Now, a VPN is only useful if it’s connected and routing your bits and bytes through it. We all have a ton of connected devices in our homes in the form of laptops, tablets, phones, and perhaps even some IoT so how do we VPN all of that at the same time? You could install the VPN app of your provider for quick setup but that’s a fair bit of maintenance if you ask me, so let’s get into part 2…
AlwaysOn VPN Routers
These type of routers allow you to plug in the VPN provider credentials for your account which then keeps all traffic on your network private without the need for connecting each time, on each device.

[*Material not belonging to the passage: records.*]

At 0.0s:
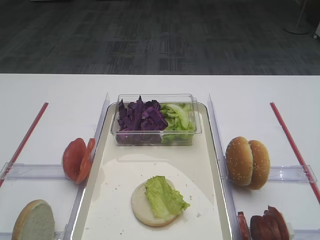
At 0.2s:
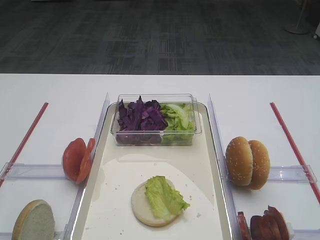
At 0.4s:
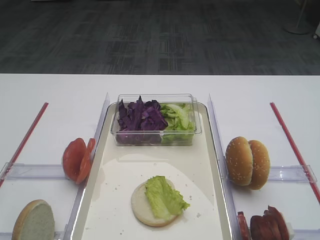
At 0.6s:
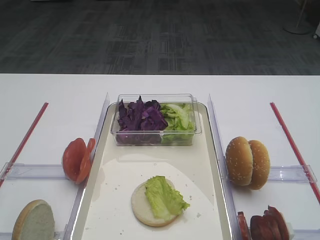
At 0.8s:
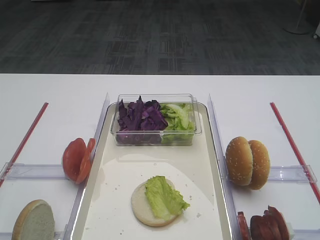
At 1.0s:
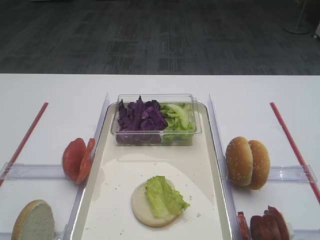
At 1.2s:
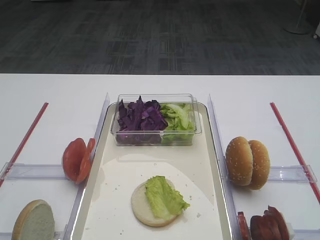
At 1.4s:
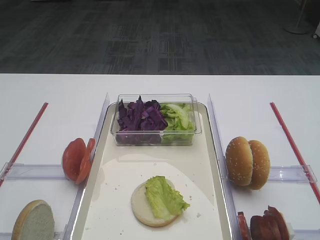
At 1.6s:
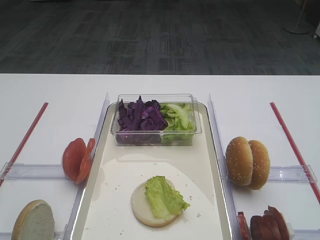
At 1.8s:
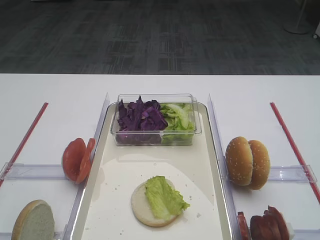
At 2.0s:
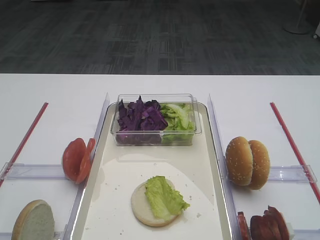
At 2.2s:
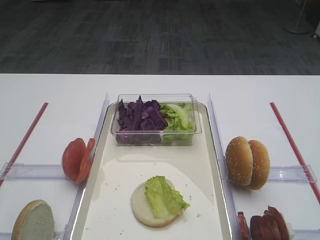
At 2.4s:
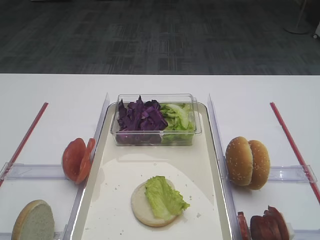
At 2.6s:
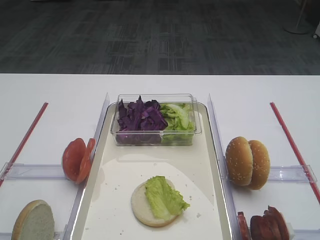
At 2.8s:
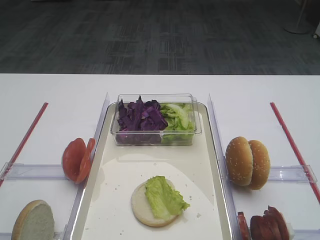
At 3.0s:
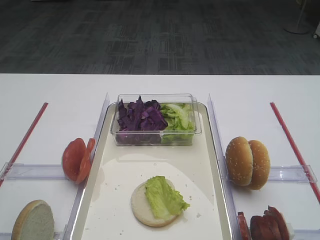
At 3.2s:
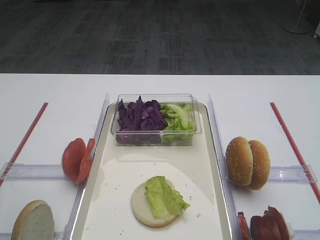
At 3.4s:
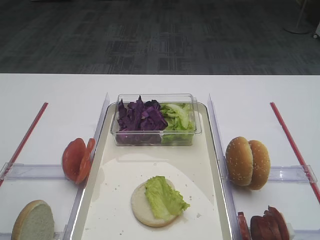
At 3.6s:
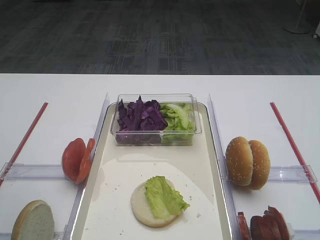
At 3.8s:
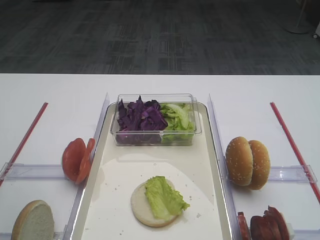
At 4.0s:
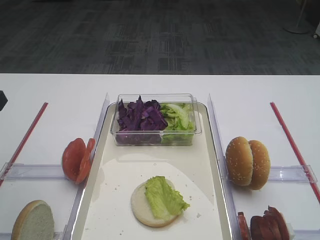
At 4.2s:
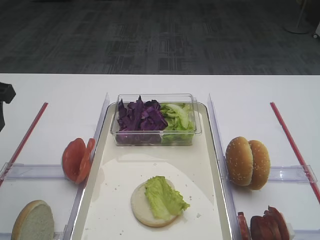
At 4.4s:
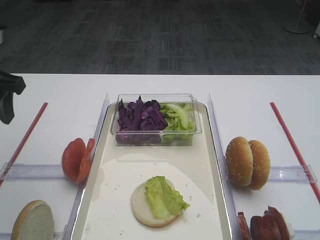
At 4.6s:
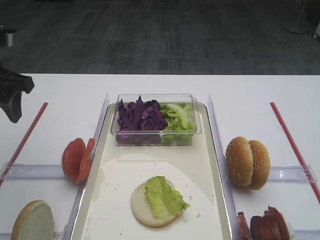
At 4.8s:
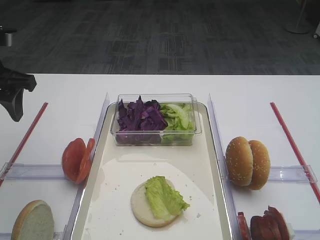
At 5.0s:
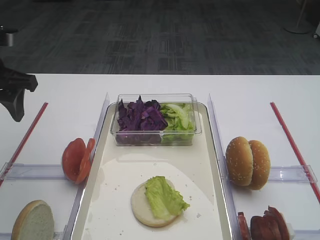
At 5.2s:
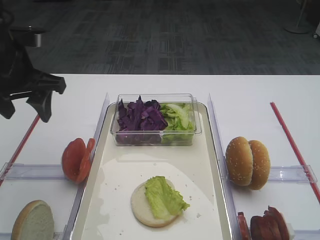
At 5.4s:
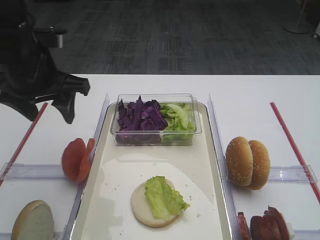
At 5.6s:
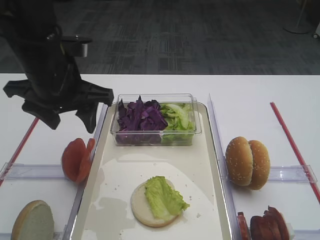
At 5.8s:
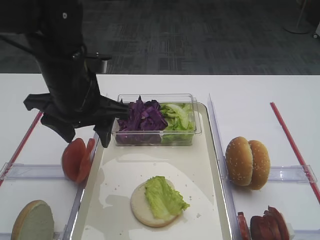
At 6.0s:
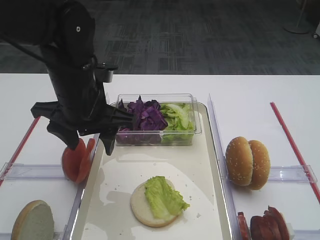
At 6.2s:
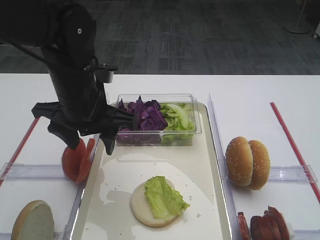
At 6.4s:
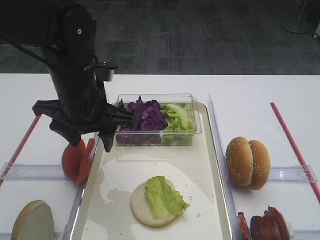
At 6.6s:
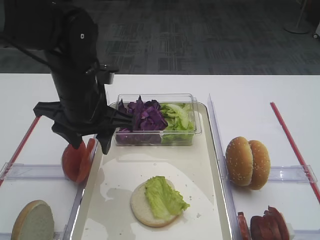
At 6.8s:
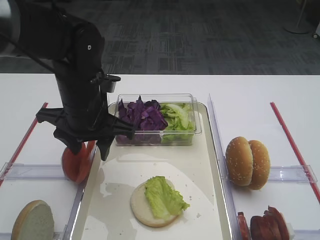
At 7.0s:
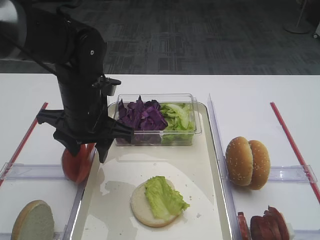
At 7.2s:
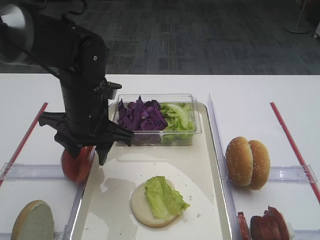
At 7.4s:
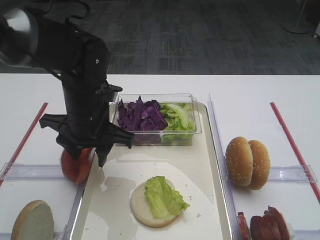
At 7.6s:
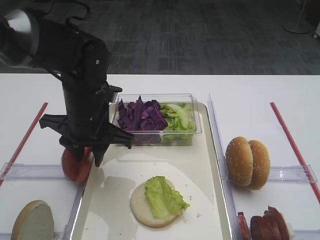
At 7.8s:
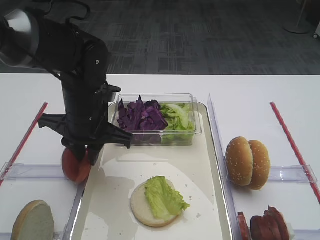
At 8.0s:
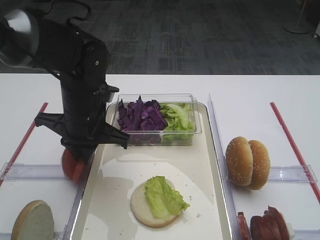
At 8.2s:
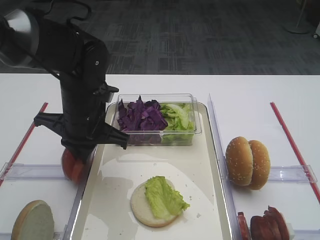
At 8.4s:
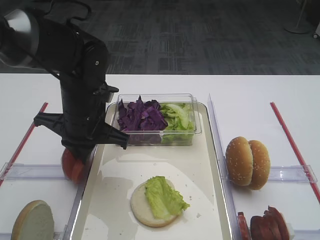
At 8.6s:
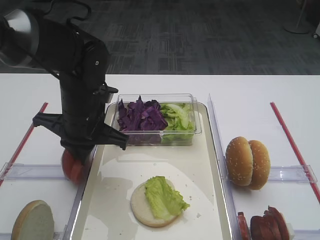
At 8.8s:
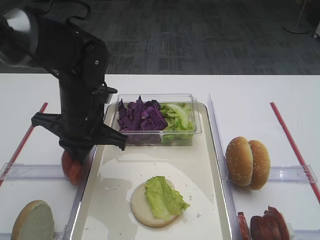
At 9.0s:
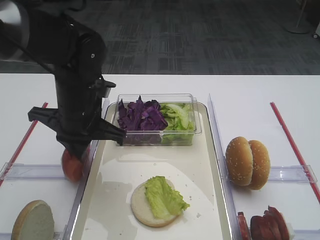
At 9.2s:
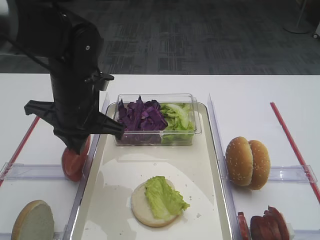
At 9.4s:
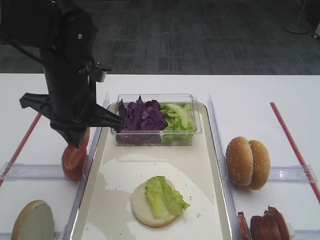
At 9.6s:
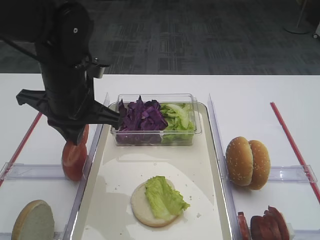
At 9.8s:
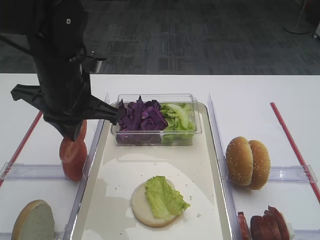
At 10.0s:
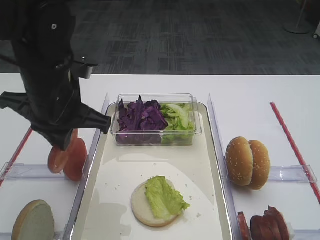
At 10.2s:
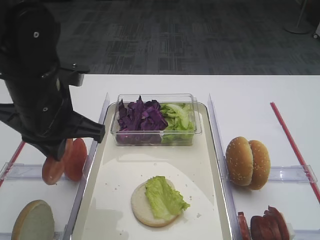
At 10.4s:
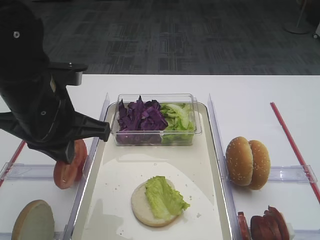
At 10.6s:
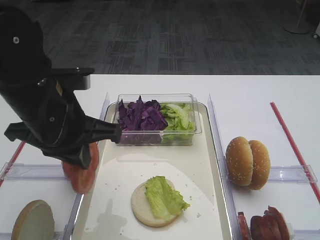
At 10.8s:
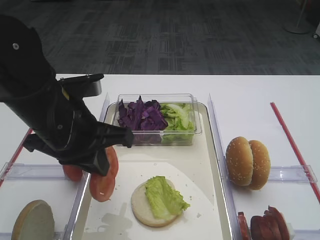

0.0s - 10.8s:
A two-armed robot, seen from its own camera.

I’ve been a huge proponent of routers that support DD-WRT, which is an open source, feature-rich firmware you flash on a consumer router. This isn’t the only option though, several lower-end enterprise routers have the ability to setup an always-on VPN as well. Some of my favorite network gear is made by Ubiquiti who has a line of edge routers that support this type of setup along with a ton of awesome enterprise grade features at a consumer price point. Their Edgerouter-X starts at about $35 and for a simple setup, takes only 15 minutes to get up and going. If you are a Verizon FiOS customer like myself, you have to set the FiOS router in bridge mode to allow passthrough to your personal router unless you want to deal with double-NAT’ing. There are a handful of guides out there on how to do this, depending on your model. If you have cable internet and didn’t “rent” the all-in-one wireless router from your provider, all you need to do is a re-cabling and powercycle of your cable modem to introduce your new router into the mix.

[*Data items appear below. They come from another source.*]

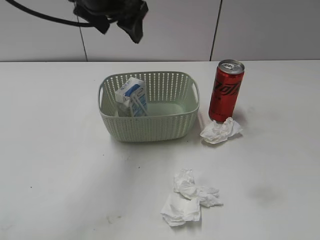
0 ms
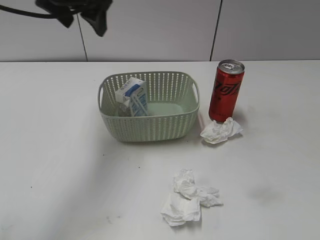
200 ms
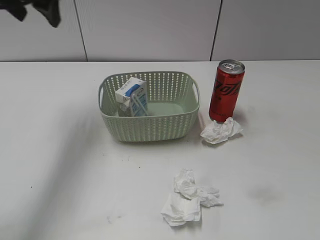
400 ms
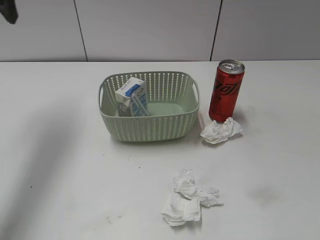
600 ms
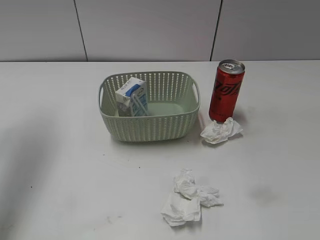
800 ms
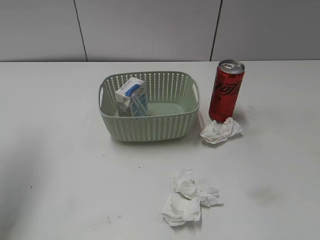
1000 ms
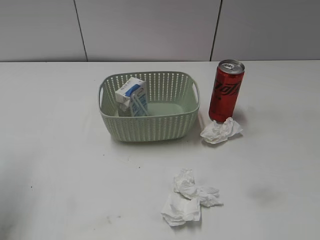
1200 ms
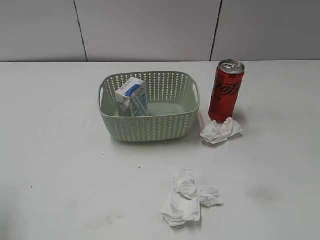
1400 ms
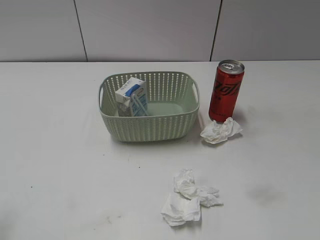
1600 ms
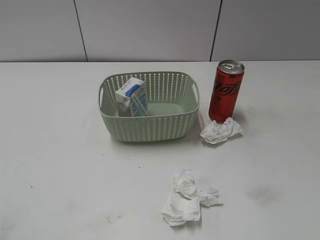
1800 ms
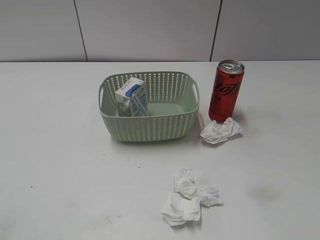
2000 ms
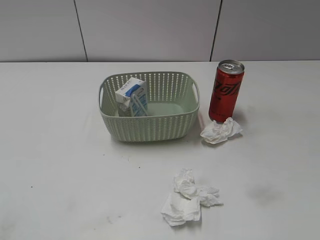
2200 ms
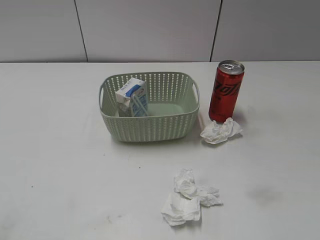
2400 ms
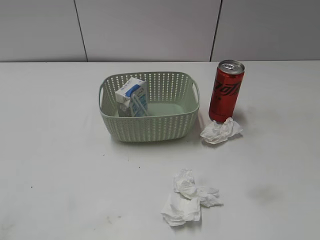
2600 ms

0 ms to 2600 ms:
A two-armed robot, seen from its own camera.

Everything I’ve discussed above has a monetary cost associated with it. This section will outline a few free options you can add to your Firefox or Chrome to make it a bit more secure. At the end of the day, a combination of tools is going to be the safest way to go about keeping you secure.
HTTPS Everywhere : Chrome | Firefox This extension will auto-forward your URLs to known SSL enabled URL’s of the same shit. For instance, if you type in ebay.com, it will automatically send you to https://www.ebay.com instead of http://www.ebay.com
As long as you are on a SSL enabled website, your privacy and transactions are kept safe. The only thing your ISP can log is that you requested a certain URL of say, your bank. All data and information after you get to your bank’s website, is fully encrypted and protected. Of course the ISPs could get really shady and put SSL packet de-crypytors and try to pull apart all of their customers’ information but that is a huge investment and not entirely practical at this point.
U-Block Origin : Chrome | Firefox U-Block Origin has become pretty much the defacto blocker for browsers these days. It’s lightweight and does a great job of weeding out unnecessary tracking and ad displays during your browsing sessions. You will sometimes run into certain websites not displaying properly due to some objects being blocked but it is quick to pick and choose which objects to see or hide.
This has gotten pretty long winded at this point so I will wrap it up as quick as possible. This bill, soon to be law, isn’t good for anyone beyond the ISP’s and elected representatives who supported it but thankfully there are ways we can make their attempts to procure our privacy and flash targeted ads across our screens a bit more difficult. Security isn’t free and neither are some of these options I’ve outlined above. But $50/year for VPN and $150 in networking gear isn’t too big of an ask for a greater sense of security.